Dataset Start Marker

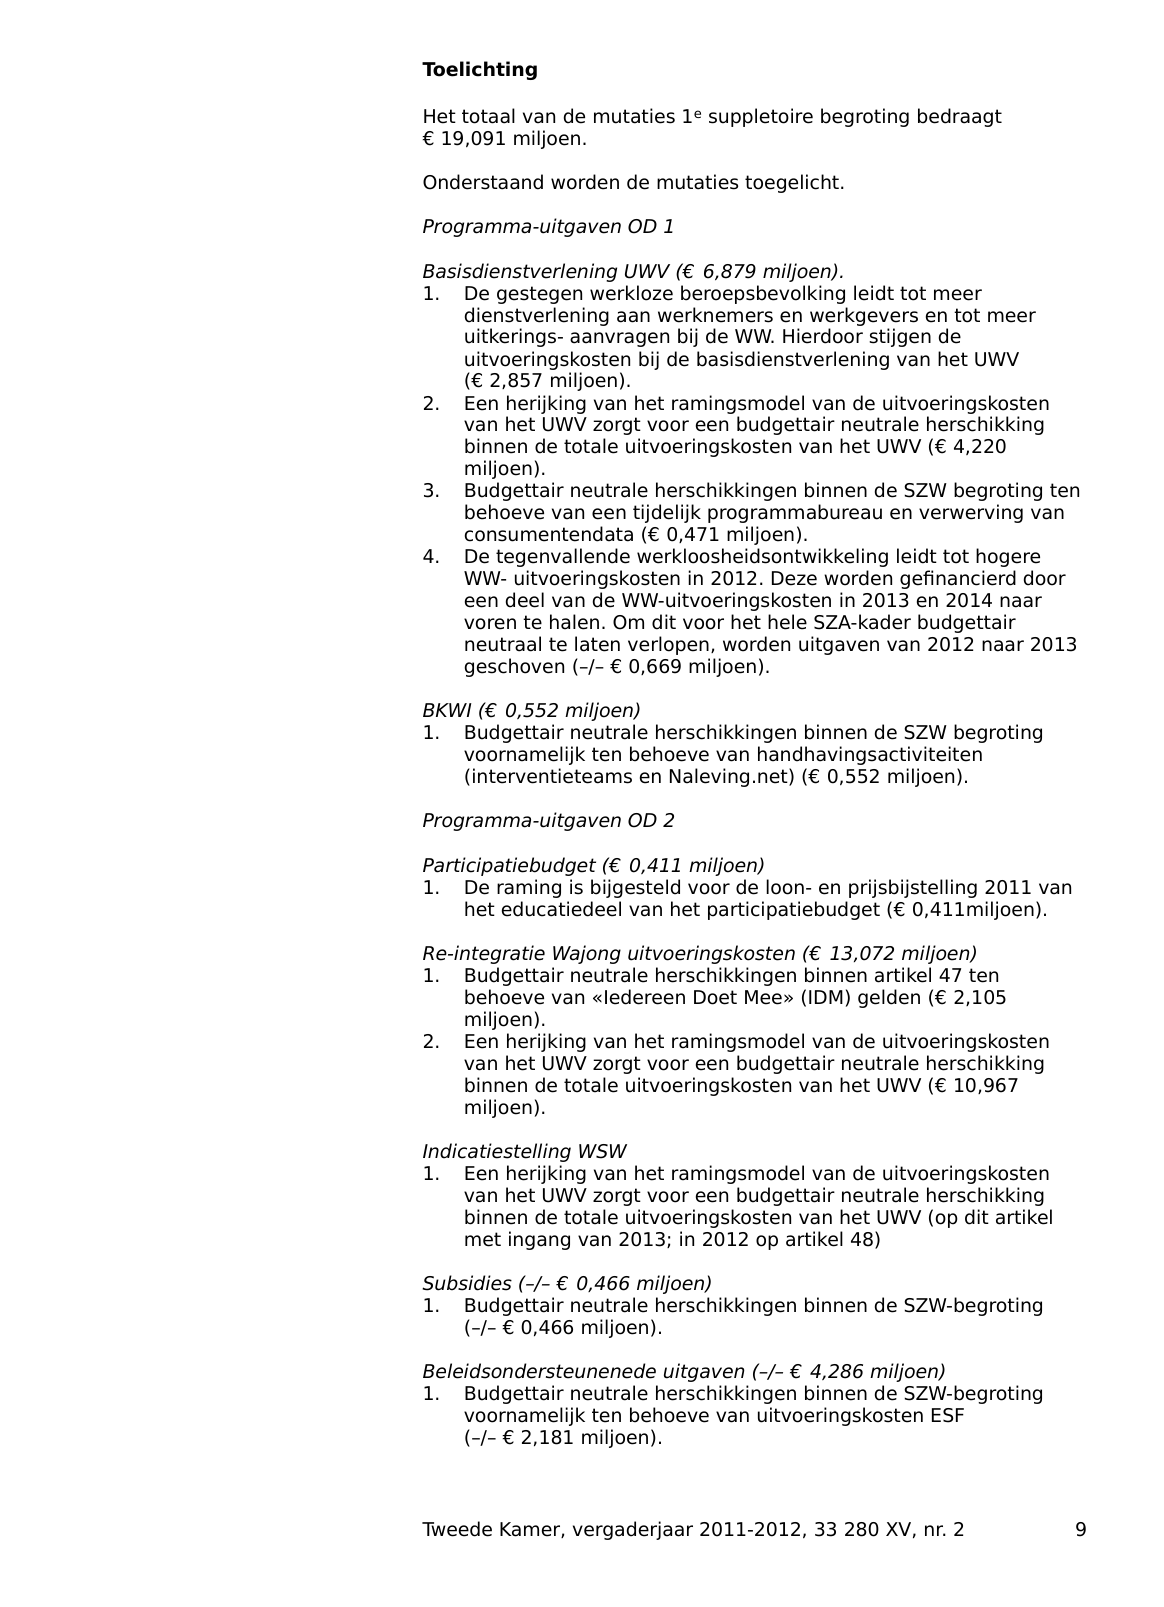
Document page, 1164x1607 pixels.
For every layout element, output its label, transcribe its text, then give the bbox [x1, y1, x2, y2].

subtitle Programma-uitgaven OD 1 [422, 216, 1087, 238]
subtitle Participatiebudget (€ 0,411 miljoen) [422, 854, 1087, 877]
text 2. Een herijking van het ramingsmodel van de uitvoeringskosten van het UWV zorgt voor een budgettair neutrale herschikking binnen de totale uitvoeringskosten van het UWV (€ 4,220 miljoen). [422, 392, 1087, 480]
text 1. Budgettair neutrale herschikkingen binnen de SZW-begroting voornamelijk ten behoeve van uitvoeringskosten ESF (–/– € 2,181 miljoen). [422, 1383, 1087, 1449]
subtitle Toelichting [422, 59, 1087, 81]
text 3. Budgettair neutrale herschikkingen binnen de SZW begroting ten behoeve van een tijdelijk programmabureau en verwerving van consumentendata (€ 0,471 miljoen). [422, 480, 1087, 546]
subtitle Basisdienstverlening UWV (€ 6,879 miljoen). [422, 261, 1087, 282]
text 1. Budgettair neutrale herschikkingen binnen de SZW begroting voornamelijk ten behoeve van handhavingsactiviteiten (interventieteams en Naleving.net) (€ 0,552 miljoen). [422, 722, 1087, 788]
text 1. De gestegen werkloze beroepsbevolking leidt tot meer dienstverlening aan werknemers en werkgevers en tot meer uitkerings- aanvragen bij de WW. Hierdoor stijgen de uitvoeringskosten bij de basisdienstverlening van het UWV (€ 2,857 miljoen). [422, 282, 1087, 392]
subtitle Re-integratie Wajong uitvoeringskosten (€ 13,072 miljoen) [422, 943, 1087, 965]
text 2. Een herijking van het ramingsmodel van de uitvoeringskosten van het UWV zorgt voor een budgettair neutrale herschikking binnen de totale uitvoeringskosten van het UWV (€ 10,967 miljoen). [422, 1031, 1087, 1118]
subtitle Beleidsondersteunenede uitgaven (–/– € 4,286 miljoen) [422, 1361, 1087, 1383]
text 1. Een herijking van het ramingsmodel van de uitvoeringskosten van het UWV zorgt voor een budgettair neutrale herschikking binnen de totale uitvoeringskosten van het UWV (op dit artikel met ingang van 2013; in 2012 op artikel 48) [422, 1163, 1087, 1251]
text Het totaal van de mutaties 1e suppletoire begroting bedraagt € 19,091 miljoen. [422, 106, 1087, 150]
subtitle BKWI (€ 0,552 miljoen) [422, 700, 1087, 722]
text 1. Budgettair neutrale herschikkingen binnen de SZW-begroting (–/– € 0,466 miljoen). [422, 1295, 1087, 1339]
subtitle Indicatiestelling WSW [422, 1141, 1087, 1163]
text 1. Budgettair neutrale herschikkingen binnen artikel 47 ten behoeve van «Iedereen Doet Mee» (IDM) gelden (€ 2,105 miljoen). [422, 965, 1087, 1031]
text 1. De raming is bijgesteld voor de loon- en prijsbijstelling 2011 van het educatiedeel van het participatiebudget (€ 0,411miljoen). [422, 877, 1087, 921]
text Onderstaand worden de mutaties toegelicht. [422, 172, 1087, 194]
subtitle Programma-uitgaven OD 2 [422, 810, 1087, 832]
subtitle Subsidies (–/– € 0,466 miljoen) [422, 1273, 1087, 1295]
text 4. De tegenvallende werkloosheidsontwikkeling leidt tot hogere WW- uitvoeringskosten in 2012. Deze worden gefinancierd door een deel van de WW-uitvoeringskosten in 2013 en 2014 naar voren te halen. Om dit voor het hele SZA-kader budgettair neutraal te laten verlopen, worden uitgaven van 2012 naar 2013 geschoven (–/– € 0,669 miljoen). [422, 546, 1087, 678]
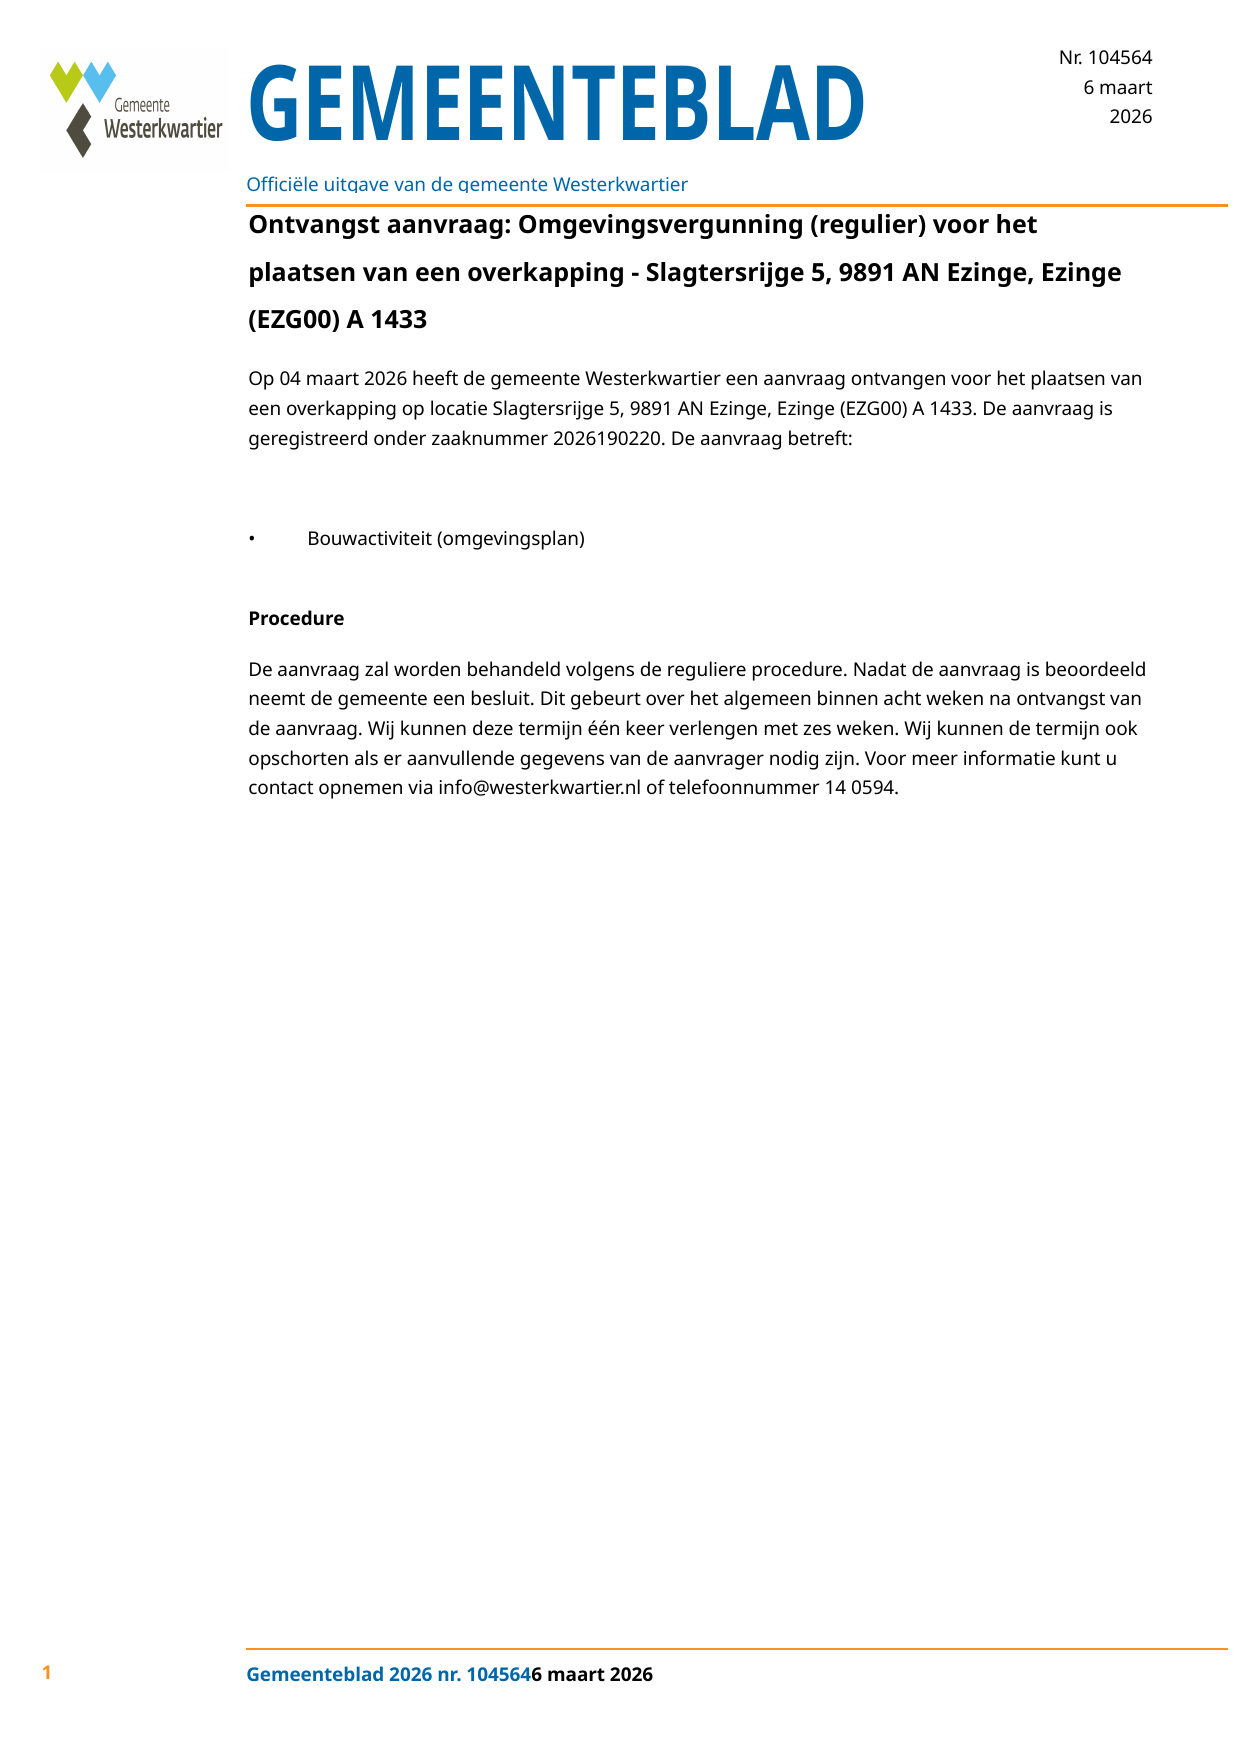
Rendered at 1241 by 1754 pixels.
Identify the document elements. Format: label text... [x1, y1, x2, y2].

text Ontvangst aanvraag: Omgevingsvergunning (regulier) voor het plaatsen van een overkapping - Slagtersrijge 5, 9891 AN Ezinge, Ezinge (EZG00) A 1433 [248, 207, 1152, 336]
list Bouwactiviteit (omgevingsplan) [248, 526, 1152, 551]
picture [41, 47, 231, 172]
text Procedure [248, 606, 1152, 631]
text Op 04 maart 2026 heeft de gemeente Westerkwartier een aanvraag ontvangen voor het plaatsen van een overkapping op locatie Slagtersrijge 5, 9891 AN Ezinge, Ezinge (EZG00) A 1433. De aanvraag is geregistreerd onder zaaknummer 2026190220. De aanvraag betreft: [248, 366, 1152, 450]
text De aanvraag zal worden behandeld volgens de reguliere procedure. Nadat de aanvraag is beoordeeld neemt de gemeente een besluit. Dit gebeurt over het algemeen binnen acht weken na ontvangst van de aanvraag. Wij kunnen deze termijn één keer verlengen met zes weken. Wij kunnen de termijn ook opschorten als er aanvullende gegevens van de aanvrager nodig zijn. Voor meer informatie kunt u contact opnemen via info@westerkwartier.nl of telefoonnummer 14 0594. [248, 656, 1152, 800]

Dataset End Marker

For every line above that has "mutaties" in it, copy the line.

text Het totaal van de mutaties 1e suppletoire begroting bedraagt € 19,091 miljoen. [422, 106, 1087, 150]
text Onderstaand worden de mutaties toegelicht. [422, 172, 1087, 194]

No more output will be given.